Task item: Return the records below character for character.

Records supplied:
------------------------------------------------------------

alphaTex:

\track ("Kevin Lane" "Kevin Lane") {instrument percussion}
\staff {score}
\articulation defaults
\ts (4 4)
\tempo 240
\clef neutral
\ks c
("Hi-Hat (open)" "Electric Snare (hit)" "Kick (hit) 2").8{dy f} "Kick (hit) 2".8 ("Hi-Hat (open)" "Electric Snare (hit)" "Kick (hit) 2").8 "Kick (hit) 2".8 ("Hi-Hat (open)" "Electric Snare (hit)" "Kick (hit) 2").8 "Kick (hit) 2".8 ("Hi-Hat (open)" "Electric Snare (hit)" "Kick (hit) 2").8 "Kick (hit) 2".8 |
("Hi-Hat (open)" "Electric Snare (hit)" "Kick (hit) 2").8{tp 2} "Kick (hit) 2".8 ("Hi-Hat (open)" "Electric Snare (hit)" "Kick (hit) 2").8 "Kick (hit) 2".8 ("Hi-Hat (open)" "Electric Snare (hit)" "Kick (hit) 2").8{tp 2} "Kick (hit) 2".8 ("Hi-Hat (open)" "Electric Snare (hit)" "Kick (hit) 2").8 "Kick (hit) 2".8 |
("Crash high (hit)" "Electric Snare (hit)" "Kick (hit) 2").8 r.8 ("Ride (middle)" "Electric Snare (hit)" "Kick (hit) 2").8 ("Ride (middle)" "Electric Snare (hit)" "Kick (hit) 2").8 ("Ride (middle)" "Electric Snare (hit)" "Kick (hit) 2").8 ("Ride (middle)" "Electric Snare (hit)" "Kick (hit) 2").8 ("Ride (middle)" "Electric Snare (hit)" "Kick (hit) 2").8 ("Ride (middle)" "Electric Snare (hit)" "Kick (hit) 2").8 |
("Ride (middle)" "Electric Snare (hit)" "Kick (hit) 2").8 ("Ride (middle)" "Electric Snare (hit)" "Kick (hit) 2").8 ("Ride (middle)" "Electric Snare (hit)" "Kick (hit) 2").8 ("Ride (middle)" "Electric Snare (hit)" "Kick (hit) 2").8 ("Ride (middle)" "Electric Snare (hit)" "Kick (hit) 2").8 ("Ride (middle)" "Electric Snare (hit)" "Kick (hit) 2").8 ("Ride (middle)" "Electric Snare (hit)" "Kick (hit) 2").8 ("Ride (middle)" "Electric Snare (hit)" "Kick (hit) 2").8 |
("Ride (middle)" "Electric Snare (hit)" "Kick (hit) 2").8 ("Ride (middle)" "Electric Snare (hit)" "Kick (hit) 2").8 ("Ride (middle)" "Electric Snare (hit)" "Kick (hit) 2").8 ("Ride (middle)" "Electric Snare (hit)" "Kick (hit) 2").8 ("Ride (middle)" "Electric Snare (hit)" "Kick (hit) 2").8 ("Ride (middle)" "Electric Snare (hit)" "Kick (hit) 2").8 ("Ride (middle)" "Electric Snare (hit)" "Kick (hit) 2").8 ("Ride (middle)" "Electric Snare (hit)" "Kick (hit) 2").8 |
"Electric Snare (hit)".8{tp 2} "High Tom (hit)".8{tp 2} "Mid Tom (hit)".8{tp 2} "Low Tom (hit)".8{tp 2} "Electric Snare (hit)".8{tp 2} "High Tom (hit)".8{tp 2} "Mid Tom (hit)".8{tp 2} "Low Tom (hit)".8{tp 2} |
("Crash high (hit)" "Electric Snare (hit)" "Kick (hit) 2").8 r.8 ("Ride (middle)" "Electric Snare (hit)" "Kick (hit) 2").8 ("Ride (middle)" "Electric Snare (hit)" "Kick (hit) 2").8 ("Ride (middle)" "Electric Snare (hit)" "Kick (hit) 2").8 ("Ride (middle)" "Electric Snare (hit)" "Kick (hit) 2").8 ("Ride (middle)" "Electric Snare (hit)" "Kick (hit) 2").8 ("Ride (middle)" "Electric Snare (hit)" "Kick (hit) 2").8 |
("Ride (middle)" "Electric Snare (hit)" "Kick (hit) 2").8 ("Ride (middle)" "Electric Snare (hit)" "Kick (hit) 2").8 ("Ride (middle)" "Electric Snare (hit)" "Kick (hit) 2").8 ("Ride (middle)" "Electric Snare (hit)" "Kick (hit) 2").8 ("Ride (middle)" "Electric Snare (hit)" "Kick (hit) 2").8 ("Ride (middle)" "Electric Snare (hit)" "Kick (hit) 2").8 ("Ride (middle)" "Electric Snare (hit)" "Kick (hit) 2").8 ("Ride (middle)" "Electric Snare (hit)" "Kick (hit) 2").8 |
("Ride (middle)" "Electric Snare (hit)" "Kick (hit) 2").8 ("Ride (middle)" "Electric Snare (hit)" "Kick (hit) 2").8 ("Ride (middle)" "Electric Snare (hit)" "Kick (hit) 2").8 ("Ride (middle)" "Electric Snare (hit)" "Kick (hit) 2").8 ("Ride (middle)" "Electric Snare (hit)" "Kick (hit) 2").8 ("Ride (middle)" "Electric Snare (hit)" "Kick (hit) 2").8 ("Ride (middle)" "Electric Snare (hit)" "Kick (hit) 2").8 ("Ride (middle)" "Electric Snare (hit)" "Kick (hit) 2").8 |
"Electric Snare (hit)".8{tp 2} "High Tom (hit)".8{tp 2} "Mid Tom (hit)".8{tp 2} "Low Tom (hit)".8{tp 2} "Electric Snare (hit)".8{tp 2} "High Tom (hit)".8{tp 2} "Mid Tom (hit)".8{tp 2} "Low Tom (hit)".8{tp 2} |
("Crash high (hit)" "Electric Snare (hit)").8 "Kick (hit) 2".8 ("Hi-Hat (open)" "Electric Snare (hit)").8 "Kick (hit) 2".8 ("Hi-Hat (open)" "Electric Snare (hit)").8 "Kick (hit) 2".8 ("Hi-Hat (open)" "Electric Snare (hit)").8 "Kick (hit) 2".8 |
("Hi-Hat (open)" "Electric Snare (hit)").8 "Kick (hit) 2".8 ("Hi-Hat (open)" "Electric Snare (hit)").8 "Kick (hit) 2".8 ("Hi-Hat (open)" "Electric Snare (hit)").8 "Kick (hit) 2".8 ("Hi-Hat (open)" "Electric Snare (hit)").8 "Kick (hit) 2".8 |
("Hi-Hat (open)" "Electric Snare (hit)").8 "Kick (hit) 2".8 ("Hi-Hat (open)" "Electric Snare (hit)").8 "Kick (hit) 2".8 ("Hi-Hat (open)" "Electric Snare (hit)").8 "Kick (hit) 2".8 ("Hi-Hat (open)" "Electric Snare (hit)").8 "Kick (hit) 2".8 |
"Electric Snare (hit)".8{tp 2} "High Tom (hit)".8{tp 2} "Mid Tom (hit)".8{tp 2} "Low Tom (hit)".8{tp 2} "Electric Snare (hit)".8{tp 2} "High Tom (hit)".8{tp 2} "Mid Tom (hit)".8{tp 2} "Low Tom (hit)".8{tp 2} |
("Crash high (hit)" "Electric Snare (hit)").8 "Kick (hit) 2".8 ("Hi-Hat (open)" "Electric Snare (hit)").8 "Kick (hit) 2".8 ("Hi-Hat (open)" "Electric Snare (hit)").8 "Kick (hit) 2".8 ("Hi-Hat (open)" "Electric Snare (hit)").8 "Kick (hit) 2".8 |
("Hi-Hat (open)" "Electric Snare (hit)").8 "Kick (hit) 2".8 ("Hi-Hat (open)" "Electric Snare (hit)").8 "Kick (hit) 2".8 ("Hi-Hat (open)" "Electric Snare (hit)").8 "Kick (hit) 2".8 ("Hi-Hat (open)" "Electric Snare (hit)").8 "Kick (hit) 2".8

------------------------------------------------------------

Output:
alphaTex:

\track ("Kevin Lane" "Kevin Lane") {instrument percussion}
\staff {score}
\articulation defaults
\ts (4 4)
\tempo 240
\clef neutral
\ks c
("Hi-Hat (open)" "Electric Snare (hit)" "Kick (hit) 2").8{dy f} "Kick (hit) 2".8 ("Hi-Hat (open)" "Electric Snare (hit)" "Kick (hit) 2").8 "Kick (hit) 2".8 ("Hi-Hat (open)" "Electric Snare (hit)" "Kick (hit) 2").8 "Kick (hit) 2".8 ("Hi-Hat (open)" "Electric Snare (hit)" "Kick (hit) 2").8 "Kick (hit) 2".8 |
("Hi-Hat (open)" "Electric Snare (hit)" "Kick (hit) 2").8{tp 2} "Kick (hit) 2".8 ("Hi-Hat (open)" "Electric Snare (hit)" "Kick (hit) 2").8 "Kick (hit) 2".8 ("Hi-Hat (open)" "Electric Snare (hit)" "Kick (hit) 2").8{tp 2} "Kick (hit) 2".8 ("Hi-Hat (open)" "Electric Snare (hit)" "Kick (hit) 2").8 "Kick (hit) 2".8 |
("Crash high (hit)" "Electric Snare (hit)" "Kick (hit) 2").8 r.8 ("Ride (middle)" "Electric Snare (hit)" "Kick (hit) 2").8 ("Ride (middle)" "Electric Snare (hit)" "Kick (hit) 2").8 ("Ride (middle)" "Electric Snare (hit)" "Kick (hit) 2").8 ("Ride (middle)" "Electric Snare (hit)" "Kick (hit) 2").8 ("Ride (middle)" "Electric Snare (hit)" "Kick (hit) 2").8 ("Ride (middle)" "Electric Snare (hit)" "Kick (hit) 2").8 |
("Ride (middle)" "Electric Snare (hit)" "Kick (hit) 2").8 ("Ride (middle)" "Electric Snare (hit)" "Kick (hit) 2").8 ("Ride (middle)" "Electric Snare (hit)" "Kick (hit) 2").8 ("Ride (middle)" "Electric Snare (hit)" "Kick (hit) 2").8 ("Ride (middle)" "Electric Snare (hit)" "Kick (hit) 2").8 ("Ride (middle)" "Electric Snare (hit)" "Kick (hit) 2").8 ("Ride (middle)" "Electric Snare (hit)" "Kick (hit) 2").8 ("Ride (middle)" "Electric Snare (hit)" "Kick (hit) 2").8 |
("Ride (middle)" "Electric Snare (hit)" "Kick (hit) 2").8 ("Ride (middle)" "Electric Snare (hit)" "Kick (hit) 2").8 ("Ride (middle)" "Electric Snare (hit)" "Kick (hit) 2").8 ("Ride (middle)" "Electric Snare (hit)" "Kick (hit) 2").8 ("Ride (middle)" "Electric Snare (hit)" "Kick (hit) 2").8 ("Ride (middle)" "Electric Snare (hit)" "Kick (hit) 2").8 ("Ride (middle)" "Electric Snare (hit)" "Kick (hit) 2").8 ("Ride (middle)" "Electric Snare (hit)" "Kick (hit) 2").8 |
"Electric Snare (hit)".8{tp 2} "High Tom (hit)".8{tp 2} "Mid Tom (hit)".8{tp 2} "Low Tom (hit)".8{tp 2} "Electric Snare (hit)".8{tp 2} "High Tom (hit)".8{tp 2} "Mid Tom (hit)".8{tp 2} "Low Tom (hit)".8{tp 2} |
("Crash high (hit)" "Electric Snare (hit)" "Kick (hit) 2").8 r.8 ("Ride (middle)" "Electric Snare (hit)" "Kick (hit) 2").8 ("Ride (middle)" "Electric Snare (hit)" "Kick (hit) 2").8 ("Ride (middle)" "Electric Snare (hit)" "Kick (hit) 2").8 ("Ride (middle)" "Electric Snare (hit)" "Kick (hit) 2").8 ("Ride (middle)" "Electric Snare (hit)" "Kick (hit) 2").8 ("Ride (middle)" "Electric Snare (hit)" "Kick (hit) 2").8 |
("Ride (middle)" "Electric Snare (hit)" "Kick (hit) 2").8 ("Ride (middle)" "Electric Snare (hit)" "Kick (hit) 2").8 ("Ride (middle)" "Electric Snare (hit)" "Kick (hit) 2").8 ("Ride (middle)" "Electric Snare (hit)" "Kick (hit) 2").8 ("Ride (middle)" "Electric Snare (hit)" "Kick (hit) 2").8 ("Ride (middle)" "Electric Snare (hit)" "Kick (hit) 2").8 ("Ride (middle)" "Electric Snare (hit)" "Kick (hit) 2").8 ("Ride (middle)" "Electric Snare (hit)" "Kick (hit) 2").8 |
("Ride (middle)" "Electric Snare (hit)" "Kick (hit) 2").8 ("Ride (middle)" "Electric Snare (hit)" "Kick (hit) 2").8 ("Ride (middle)" "Electric Snare (hit)" "Kick (hit) 2").8 ("Ride (middle)" "Electric Snare (hit)" "Kick (hit) 2").8 ("Ride (middle)" "Electric Snare (hit)" "Kick (hit) 2").8 ("Ride (middle)" "Electric Snare (hit)" "Kick (hit) 2").8 ("Ride (middle)" "Electric Snare (hit)" "Kick (hit) 2").8 ("Ride (middle)" "Electric Snare (hit)" "Kick (hit) 2").8 |
"Electric Snare (hit)".8{tp 2} "High Tom (hit)".8{tp 2} "Mid Tom (hit)".8{tp 2} "Low Tom (hit)".8{tp 2} "Electric Snare (hit)".8{tp 2} "High Tom (hit)".8{tp 2} "Mid Tom (hit)".8{tp 2} "Low Tom (hit)".8{tp 2} |
("Crash high (hit)" "Electric Snare (hit)").8 "Kick (hit) 2".8 ("Hi-Hat (open)" "Electric Snare (hit)").8 "Kick (hit) 2".8 ("Hi-Hat (open)" "Electric Snare (hit)").8 "Kick (hit) 2".8 ("Hi-Hat (open)" "Electric Snare (hit)").8 "Kick (hit) 2".8 |
("Hi-Hat (open)" "Electric Snare (hit)").8 "Kick (hit) 2".8 ("Hi-Hat (open)" "Electric Snare (hit)").8 "Kick (hit) 2".8 ("Hi-Hat (open)" "Electric Snare (hit)").8 "Kick (hit) 2".8 ("Hi-Hat (open)" "Electric Snare (hit)").8 "Kick (hit) 2".8 |
("Hi-Hat (open)" "Electric Snare (hit)").8 "Kick (hit) 2".8 ("Hi-Hat (open)" "Electric Snare (hit)").8 "Kick (hit) 2".8 ("Hi-Hat (open)" "Electric Snare (hit)").8 "Kick (hit) 2".8 ("Hi-Hat (open)" "Electric Snare (hit)").8 "Kick (hit) 2".8 |
"Electric Snare (hit)".8{tp 2} "High Tom (hit)".8{tp 2} "Mid Tom (hit)".8{tp 2} "Low Tom (hit)".8{tp 2} "Electric Snare (hit)".8{tp 2} "High Tom (hit)".8{tp 2} "Mid Tom (hit)".8{tp 2} "Low Tom (hit)".8{tp 2} |
("Crash high (hit)" "Electric Snare (hit)").8 "Kick (hit) 2".8 ("Hi-Hat (open)" "Electric Snare (hit)").8 "Kick (hit) 2".8 ("Hi-Hat (open)" "Electric Snare (hit)").8 "Kick (hit) 2".8 ("Hi-Hat (open)" "Electric Snare (hit)").8 "Kick (hit) 2".8 |
("Hi-Hat (open)" "Electric Snare (hit)").8 "Kick (hit) 2".8 ("Hi-Hat (open)" "Electric Snare (hit)").8 "Kick (hit) 2".8 ("Hi-Hat (open)" "Electric Snare (hit)").8 "Kick (hit) 2".8 ("Hi-Hat (open)" "Electric Snare (hit)").8 "Kick (hit) 2".8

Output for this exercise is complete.